Sunday, November 12

A Question of Humanity

Source: Entertainment Weekly

On Battlestar Galactica, Roslin has the opportunity to end the Cylon threat forever. Would that be extermination or genocide?

Is it perverse of me to be giddy about an episode that comes with a ''mature content'' warning? Of course, this is a show that routinely is full of mature content. After all, one doesn't often come across TV programs that have their characters wrestling with ideas like genocide, does one?

Something really bugged me about the opening of this show. Why, exactly, didn't the team that boarded the dead basestar wear containment gear? They all saw, flying in, that there was something very wrong with that picture: raiders drifting about, the lights off on the basestar. Wouldn't there be a protocol in place for a situation like this, one that would've required some kind of clean suit, like the one Baltar wore when he inspected it? It's a minor thing, I know, and one I'm sure the writers thought of and then discarded so they could preserve the is-or-isn't-Sharon-infected story thread. But it bothered me nevertheless.

There are some episodes where I think that if something ever happened to Doc Cottle, the entire fleet would crumble. He's the very, very crusty glue that keeps them flying. If anyone wanted to truly disable the Colonial fleet, just introduce a toxin that would take Cottle out of the picture. I'm just saying.

There will come a time, I'm sure of it, when Baltar will face a problem he can't talk his way out of. But we've yet to see it. He's like an ego dealer; he finds each person's weakness and learns to exploit it.

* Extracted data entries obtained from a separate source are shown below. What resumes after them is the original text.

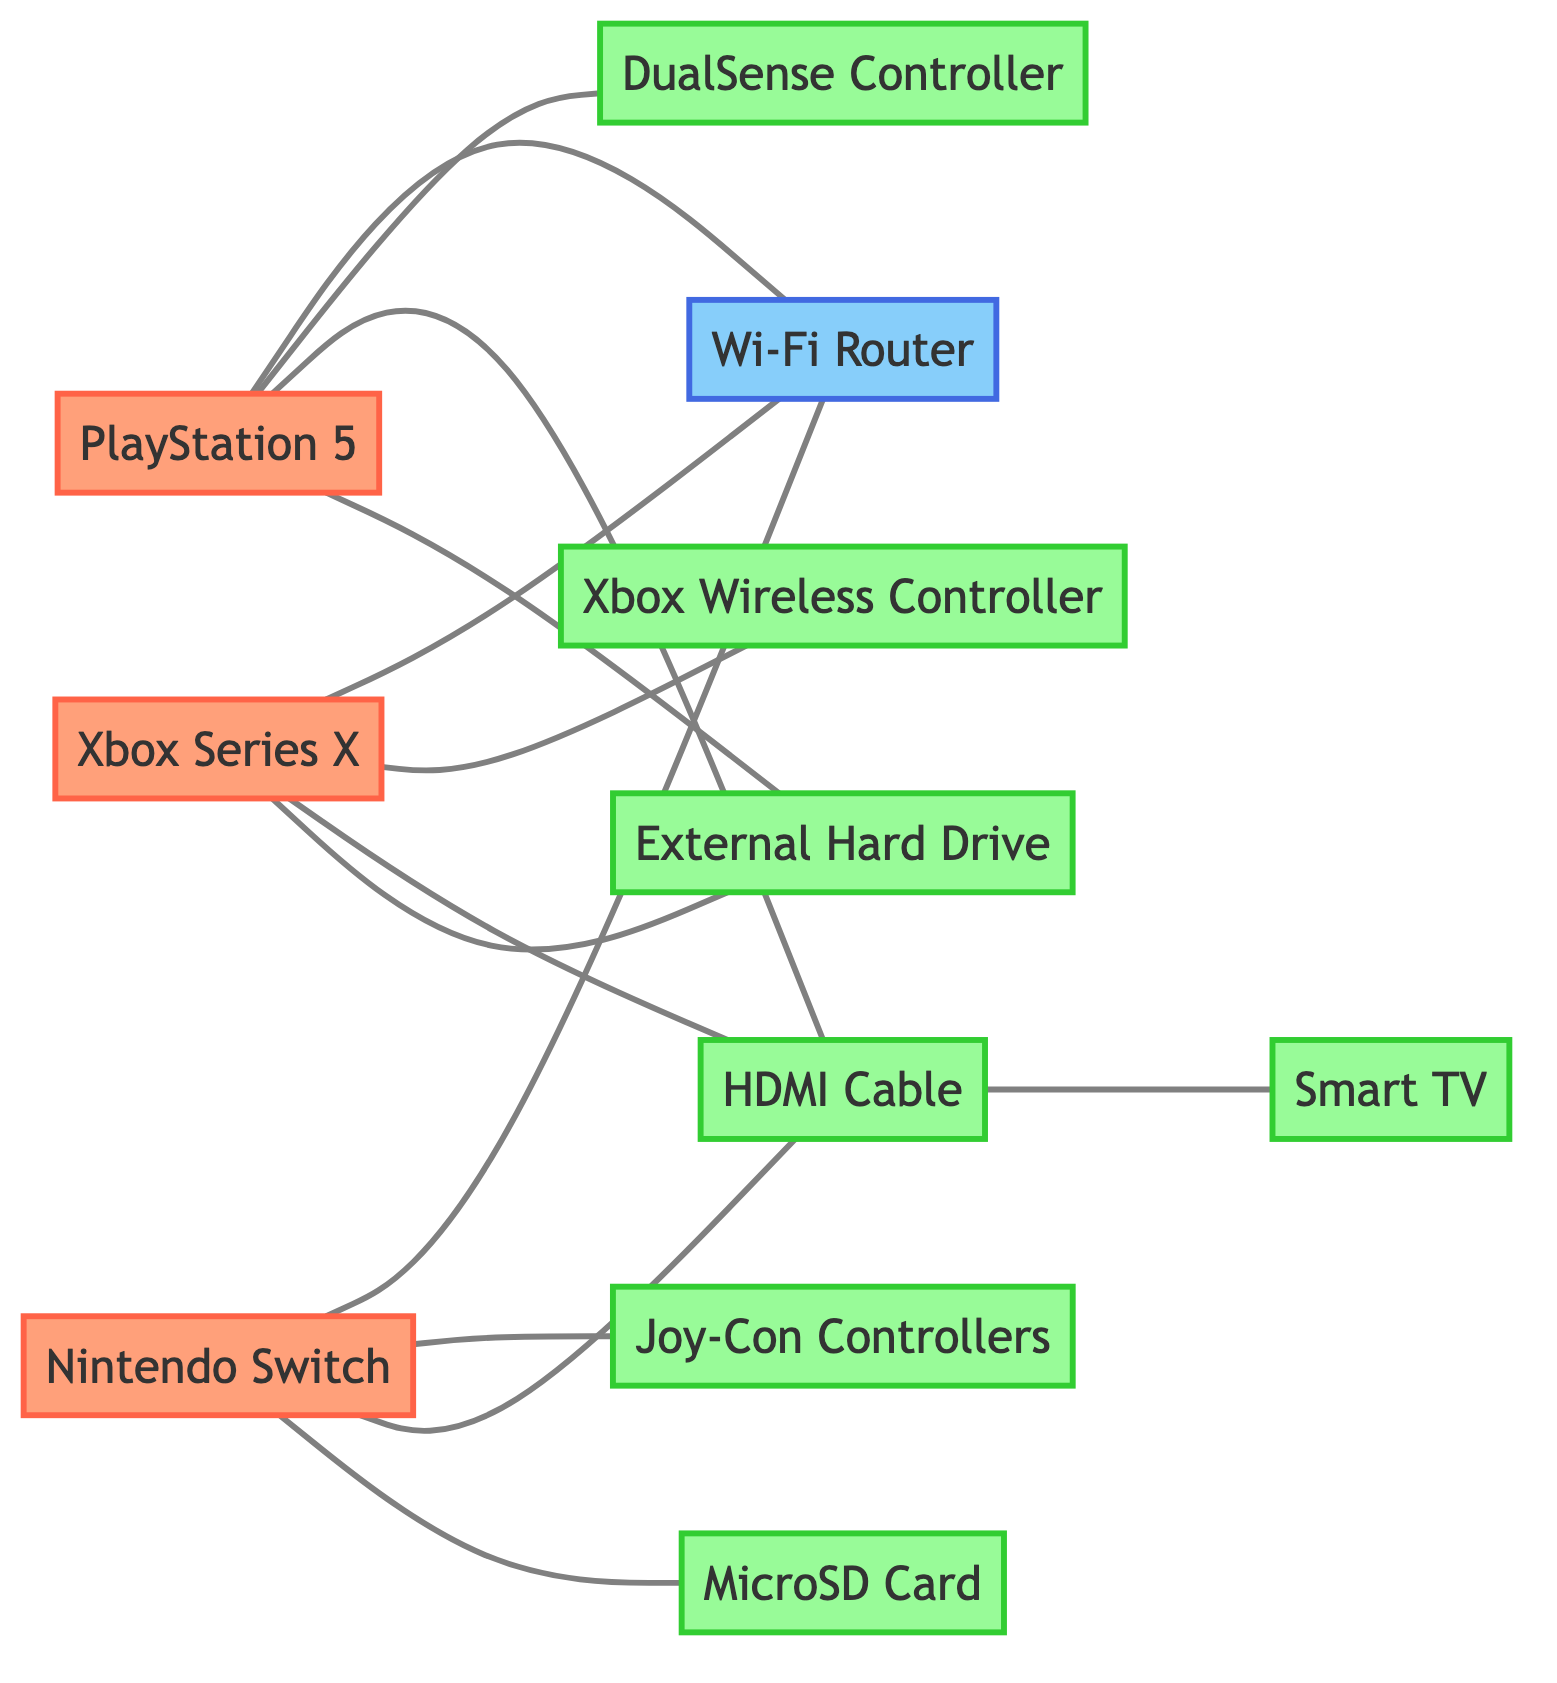What is the number of video game consoles in the diagram? The diagram features three video game consoles: PlayStation 5, Xbox Series X, and Nintendo Switch. Counting these nodes gives us a total of three.
Answer: 3 Which peripheral is connected to the PlayStation 5? Looking at the connections for the PlayStation 5 node, we see it is connected to the DualSense Controller, HDMI Cable, and External Hard Drive as peripherals. Therefore, any of these options is a valid answer.
Answer: DualSense Controller How many connections does the Wi-Fi Router have? The Wi-Fi Router is connected to three different consoles: PlayStation 5, Xbox Series X, and Nintendo Switch. This gives us a total of three connections from the Wi-Fi Router.
Answer: 3 What type of connection is used by the HDMI Cable? The HDMI Cable connects multiple devices in the diagram: PlayStation 5, Xbox Series X, Nintendo Switch, and Smart TV. Hence, the type of connection is peripheral.
Answer: Peripheral Which console does not have a MicroSD Card connected? From the connections listed, the PlayStation 5 and the Xbox Series X have no connection to a MicroSD Card, which is only connected to the Nintendo Switch. Hence, both PlayStation 5 and Xbox Series X do not connect to a MicroSD Card.
Answer: PlayStation 5 How many edges connect the external hard drive? The External Hard Drive has connections with two consoles: PlayStation 5 and Xbox Series X. Therefore, it is connected by two edges in the graph.
Answer: 2 Which console's controllers use wireless technology? The Xbox Series X has an Xbox Wireless Controller, which is explicitly mentioned as a wireless controller connected to the console.
Answer: Xbox Series X What is the total number of nodes in the diagram? To find the total nodes, we count all unique devices depicted: PlayStation 5, Xbox Series X, Nintendo Switch, Wi-Fi Router, DualSense Controller, Xbox Wireless Controller, Joy-Con Controllers, HDMI Cable, External Hard Drive, MicroSD Card, and Smart TV, yielding a total of 11 nodes.
Answer: 11 Which peripheral has the highest number of console connections? The HDMI Cable connects to three consoles: PlayStation 5, Xbox Series X, and Nintendo Switch. Hence, it holds the highest connection count among peripherals.
Answer: HDMI Cable

He figured out how to play Roslin, Adama, Caprica Six, Gaeta, almost everyone he's ever come in contact with. He discovered the part of their egos that needed feeding and fed it. So it was perfect that he figured out D'Anna's weakness: She was jealous of Caprica Six's love. She wants to know more than God's love; she wants man's love. Even if she can't admit it. (By the by, I wonder which part of that scene irked the network's standards-and-practices division to the point where they needed another warning: the torture or the sex. My money is on the sex. Because, at heart, we're still puritans.)

Is genocide ever a valid course of action, even if you commit it with the best of intentions? Does the power of a weapon of mass destruction lie in having it or using it? Should you destroy the Cylon threat if, by doing so, you would also destroy a fundamental part of yourself? I believe Brother Cavil said once, ''We have become what we have beheld.'' Is the moral high ground as valuable as military high ground? While it may help you achieve victory, what will you, in the end, have won? (When newbies ask me why they should bother watching BSG, I tell them that it makes you ask questions that no other series does. No one walks away from CSI pondering eternal moral quandaries about socio-political responsibility.)

The crux of this episode seems to be the very concept of choice and whether or not we can live with the choices we make. Athena is faced, every day, with the consequences of her choice to wear the Colonial uniform. Could she handle being the universe's last living Cylon? Roslin must shoulder the burden of sanctioning the use of biological weapons to destroy the Cylons once and for all. (And Adama will probably sleep better for shuffling the choice directly onto Roslin's plate.) And Helo will have to deal with the fallout from his choice to countermand a direct order from the president. Sure, Adama closed the book on the investigation into his treasonous act, but you have to think that Helo's trustworthiness will be called into question. If your officers escape punishment when they disobey orders they just don't agree with, the effectiveness of the military chain of command takes a direct hit. (I wonder if the sight of Tigh back in uniform in the next-episode teaser gives us some insight into Helo's fate.)

Usually, an episode of Battlestar Galactica leaves the viewer with lots of questions. This time, there is really only one. But it's a doozy: Would you have killed the Cylons?

1 comment:

Paul Levinson said...

I would've resisted exterminating the Cylons - after all, with no Cylons, and humans living happily ever after, there would be no BSG, right?